If you were a teenager in Baltimore in the late 1950s and early 1960s, you watched “The Buddy Deane Show.” When the final bell rang you sprinted home from school, saddle shoes smacking the sidewalk, knee socks sliding down your shins, until you skidded to a stop in front of your black-and-white TV and turned to WJZ Channel 13 to watch Maryland’s answer to “American Bandstand.” Chances are you wanted to be on “The Buddy Deane Show,” whose stars were ordinary teens turned local celebrities. The Committee, as they were known, could do all the hot dances of the day: the Madison, the mashed potato, the pony. Faced with pressure to integrate the show, something the station (and some Committee members’ parents) refused to allow, WJZ canceled Buddy Deane in 1964. Most people probably would’ve forgotten about “The Buddy Deane Show” ages ago had it not been immortalized by John Waters in his 1988 movie, “Hairspray.”....

[excerpts of the interview with John Waters and some members of “The Committee"]

....
Marie Shapiro (then Fischer): The first thing, they’d kind of look you over.
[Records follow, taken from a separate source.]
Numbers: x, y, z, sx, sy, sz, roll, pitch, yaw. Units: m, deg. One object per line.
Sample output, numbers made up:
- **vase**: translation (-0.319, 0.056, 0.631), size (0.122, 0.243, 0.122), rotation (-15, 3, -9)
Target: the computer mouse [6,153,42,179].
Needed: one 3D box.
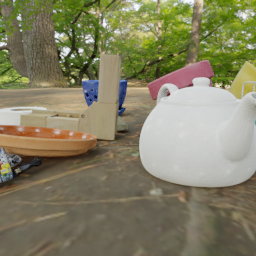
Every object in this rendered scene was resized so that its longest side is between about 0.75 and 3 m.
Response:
- **computer mouse**: translation (-2.544, 0.764, 5.978), size (1.327, 0.291, 0.728), rotation (9, 27, 29)

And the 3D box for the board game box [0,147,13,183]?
- **board game box**: translation (-2.709, 0.849, 5.101), size (1.075, 0.332, 1.075), rotation (-19, 28, -23)

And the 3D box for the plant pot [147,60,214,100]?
- **plant pot**: translation (2.022, -0.962, 9.577), size (2.220, 1.987, 2.220), rotation (-21, 2, 1)

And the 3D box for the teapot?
- **teapot**: translation (1.459, -0.076, 5.959), size (2.679, 1.957, 2.644), rotation (4, 11, 26)

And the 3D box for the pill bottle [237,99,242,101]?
- **pill bottle**: translation (4.248, -0.635, 11.338), size (1.111, 1.111, 2.034), rotation (-4, 12, -23)

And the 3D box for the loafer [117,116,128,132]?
- **loafer**: translation (-0.426, -0.184, 10.569), size (0.556, 0.501, 1.469), rotation (-5, 11, -24)

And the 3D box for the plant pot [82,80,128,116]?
- **plant pot**: translation (-1.110, -1.557, 14.431), size (2.015, 1.812, 2.015), rotation (1, 10, 10)

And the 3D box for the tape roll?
- **tape roll**: translation (-4.291, -0.446, 11.523), size (1.918, 0.671, 1.918), rotation (0, 11, 0)

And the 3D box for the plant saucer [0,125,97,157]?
- **plant saucer**: translation (-2.256, 0.300, 7.077), size (2.913, 0.470, 2.913), rotation (6, 4, 0)

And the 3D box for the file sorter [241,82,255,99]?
- **file sorter**: translation (7.348, -1.419, 13.929), size (2.796, 1.741, 1.940), rotation (-3, 11, -17)

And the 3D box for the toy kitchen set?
- **toy kitchen set**: translation (-1.771, -1.128, 9.654), size (2.956, 2.667, 2.412), rotation (4, 9, 1)

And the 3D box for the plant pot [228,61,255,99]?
- **plant pot**: translation (6.881, -2.044, 15.794), size (2.007, 2.828, 2.828), rotation (30, 21, 17)
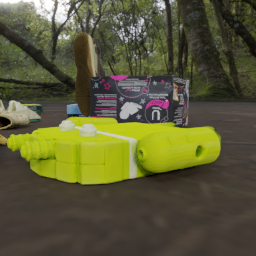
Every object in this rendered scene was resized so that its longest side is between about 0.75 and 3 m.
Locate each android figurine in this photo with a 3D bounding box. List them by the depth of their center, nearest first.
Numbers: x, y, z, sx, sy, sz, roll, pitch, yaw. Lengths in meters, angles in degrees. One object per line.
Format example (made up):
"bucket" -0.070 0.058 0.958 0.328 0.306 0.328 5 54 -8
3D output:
"android figurine" -0.110 0.183 3.703 2.675 0.549 2.435 -2 7 -32

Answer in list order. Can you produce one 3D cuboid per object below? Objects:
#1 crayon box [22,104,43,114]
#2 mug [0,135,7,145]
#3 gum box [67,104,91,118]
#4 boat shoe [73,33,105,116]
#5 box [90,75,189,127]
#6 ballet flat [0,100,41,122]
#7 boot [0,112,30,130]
"crayon box" -5.081 -0.951 14.044 1.163 0.465 1.831 -4 8 -31
"mug" -2.505 0.024 4.727 0.686 0.669 0.836 17 22 42
"gum box" -1.224 -0.796 12.213 2.134 0.560 2.512 1 6 7
"boat shoe" -1.140 -1.686 8.967 0.964 2.634 0.854 -4 -3 42
"box" 0.343 -0.706 7.825 2.396 1.375 1.583 5 6 27
"ballet flat" -3.872 -0.524 8.917 0.817 0.817 2.353 6 8 42
"boot" -3.415 -0.193 7.546 1.197 0.436 0.931 5 7 10
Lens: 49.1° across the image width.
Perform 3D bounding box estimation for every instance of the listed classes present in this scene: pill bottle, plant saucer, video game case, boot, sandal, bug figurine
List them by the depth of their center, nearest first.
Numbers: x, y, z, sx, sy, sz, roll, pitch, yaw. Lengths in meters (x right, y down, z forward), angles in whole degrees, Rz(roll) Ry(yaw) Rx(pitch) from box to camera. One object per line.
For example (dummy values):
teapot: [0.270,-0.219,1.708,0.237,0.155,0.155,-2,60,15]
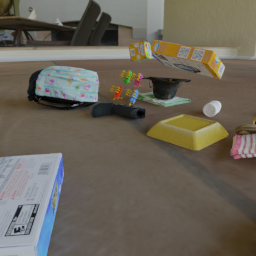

I’m serious. I hate to say this, but they wanted attractive young people.

John Waters: Mary Lou [Barber] told me once that “a black girl could’ve gotten on the show easier than a fat girl.” . . . In [“Hairspray”], Ricki Lake’s character goes down to audition and they all make fun of her. I don’t think a fat girl ever came to audition.

....

John Waters: The most amazing thing about “The Buddy Deane” stardom was they would show up not knowing if they would fight or sign autographs. The boys were picked on, because boys didn’t dance then.

Frani Hahn: I think it was easier for the girls. When I was on, the kids at school were cool with it. It was an integrated school, and the black girls would show us all the new dances. I think the guys had a harder time at it. They were more made fun of because they didn’t fit in [and] because people would want to fight them.

The one thing everyone seems to remember about “The Buddy Deane Show” is its ending: amid calls to integrate the almost all-white program (as in “Hairspray,” there was one day a month when African Americans could dance on the show), “Buddy Deane” was canceled. The final episode aired on Jan. 4, 1964. Recollections differ as to whether it was Deane, the station or the parents of the Committee members who refused to allow the show to be integrated. Bob Mathers, who worked with Deane on three radio stations, was a close friend of was a close friend of Deane’s and is an unofficial historian of “The Buddy Deane Show.”

Bob Mathers: We’re looking at the times of 1963, and in 1963, what overrode ratings and popularity were the feelings about race in Baltimore City.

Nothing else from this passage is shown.